In partitioned table scenarios, make sure that the partitions in the table generated by a node are the partitions in the table on which the current node depends.

Confirm the lineage of the table generated by a node on which the current node depends (both the nodes are in the same workspace)

In most cases, a node periodically writes data to a specific partition in a specific table based on the scheduling parameters you configure for the node. For information about dynamic replacement of scheduling parameters, see Scheduling parameters. If Node A in a workspace depends on Node B in the same workspace, you can check the configurations of the scheduling parameters of Node A.

Confirm dependencies between ancestor and descendant table data in the development environment.
Go to the configuration tab of the ancestor node, and view the configurations of the scheduling parameters of the node and the code details of the node.
Confirm the ancestor and descendant table data output in the production environment.

Confirm the lineage of the table generated by a node on which the current node depends (the nodes are in different workspaces)

If Node A in a workspace depends on Node B in another workspace, you can confirm the partition data in the table generated by Node B every day based on the output information in DataMap. For example, you can confirm whether the data timestamp for the partition data in the table generated by Node B every day is the previous day or the current day. Confirm the lineage of the table generated by a node on which the current node depends (the nodes are in different workspaces)

Impacts of not configuring scheduling dependencies for a node based on the lineage of the table generated by the node

Scenario 1: A strong lineage of the table generated by a node exists but you do not configure scheduling dependencies for the node based on the lineage of the table. As a result, an error occurs when descendant nodes obtain data from the node.

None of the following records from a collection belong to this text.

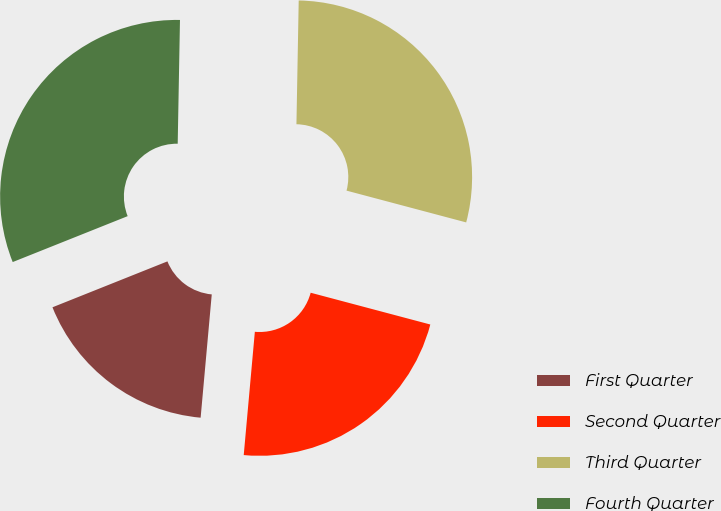Convert chart to OTSL. <chart><loc_0><loc_0><loc_500><loc_500><pie_chart><fcel>First Quarter<fcel>Second Quarter<fcel>Third Quarter<fcel>Fourth Quarter<nl><fcel>17.52%<fcel>22.3%<fcel>28.84%<fcel>31.34%<nl></chart> 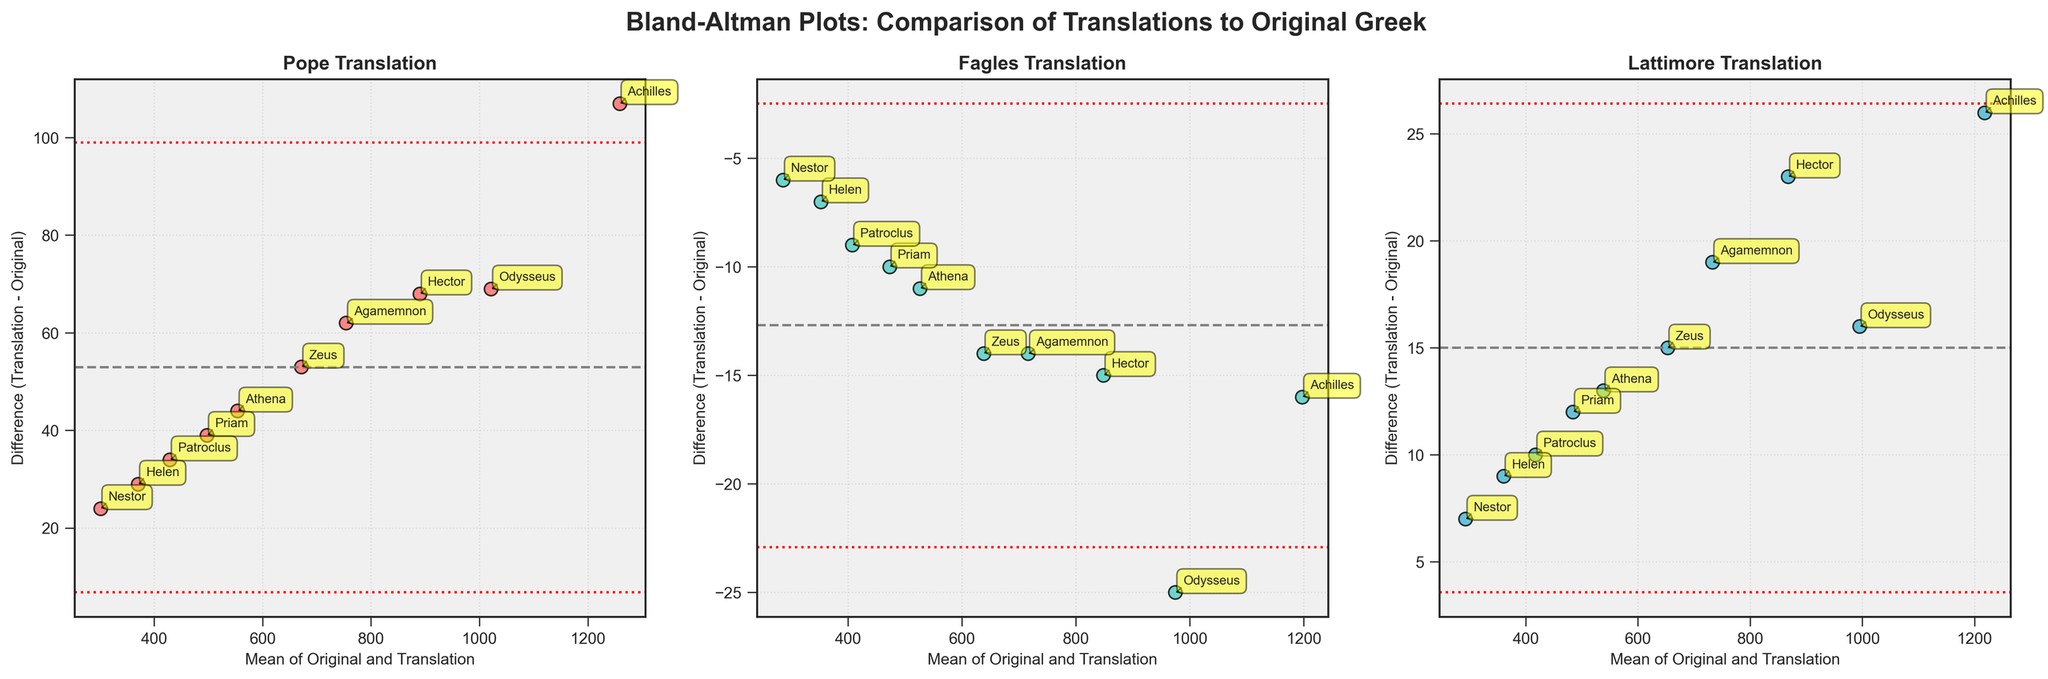What is the title of the figure? The title is written at the top of the plot, stating the purpose of the figure. It reads "Bland-Altman Plots: Comparison of Translations to Original Greek".
Answer: Bland-Altman Plots: Comparison of Translations to Original Greek How many characters from Homeric epics are represented in the plot? Each of the three subplots has the same number of scatter points, each labeled with a character's name. Counting the annotations, there are a total of 10 characters.
Answer: 10 Which translation has the smallest mean difference compared to the Original Greek? The mean difference is indicated by the gray dashed line in each subplot. The closest to zero is observed in the Fagles translation subplot.
Answer: Fagles What is the range of the differences for the Lattimore translation? The differences for each character can be seen where the points are spread vertically around zero. The range can be determined by noting the highest and lowest differences on the y-axis in the Lattimore subplot. They range approximately from -50 to +50.
Answer: -50 to +50 Which character has the largest positive difference in the Pope translation plot? The character with the largest positive difference will be the highest point above the zero line in the Pope subplot. Based on the annotations, it seems to be Achilles.
Answer: Achilles What are the mean and standard deviations (SD) of differences in the Fagles translation plot? The Bland-Altman plot provides the mean difference (dashed gray line) and the lines representing mean ± 1.96 * SD (dotted red lines). These annotations allow calculation as follows: Mean difference is around -3, ±1.96*SD lines appear to be around -50 and +44. Therefore, SD can be computed: 1.96*SD ≈ 47, thus SD ≈ 24.
Answer: Mean: -3, SD: 24 How many characters are above the mean difference line in the Lattimore translation plot? Points above the gray dashed line in the Lattimore subplot indicate characters whose differences are above the mean difference. Counting these, there are 5 such characters.
Answer: 5 Which translation shows the largest deviation from the Original Greek for the character Nestor? The spread of points farthest from the zero line in each subplot shows the largest deviation for each character. For Nestor, compare his position in all three plots. He is farthest from zero in the Pope translation subplot.
Answer: Pope What would be the upper and lower limits of agreement for the Pope translation plot? Limits of agreement are represented by the red dotted lines, calculated as mean ± 1.96*SD. For the Pope subplot, these lines are approximately at +80 and -60.
Answer: +80, -60

If Table A is specified in the SELECT statement in the code of the Job_B node but the Job_A node that generates data of Table A is not configured as an ancestor node for the Job_B node, the Job_B node may start to run before the data of Table A is generated. In this case, the Job_B node cannot be run or generate data. The scheduling time of the Job_A node is earlier than that of the Job_B node. However, if the Job_A node cannot generate data before 02:00, an error occurs when the Job_B node obtains data from the Job_A node. The Job_A node may fail to generate data at 01:00 as expected due to the following reasons:

An error occurs when an ancestor node of the Job_A node is run or an ancestor node of the Job_A node runs at a slow speed.
The Job_A node or an ancestor node of the Job_A node is waiting for resources.
An ancestor node of the Job_A node is frozen on a specific day.

Scenario 2: You configure scheduling dependencies for a node based on the lineage of the table generated by the node, but the time at which a descendant node obtains data from the table generated by an ancestor node is earlier than the generation time of the table.

If you configure same-cycle scheduling dependencies for a node, and the partitions in the table generated by another node do not match the partitions in the table on which the current node depends, data quality issues may occur when the current node obtains data from its ancestor node or an error occurs for the current node.

Note

When a MaxCompute node uses the max_pt function, make sure that the partition data in the table generated by an ancestor node of the MaxCompute node every day is valid.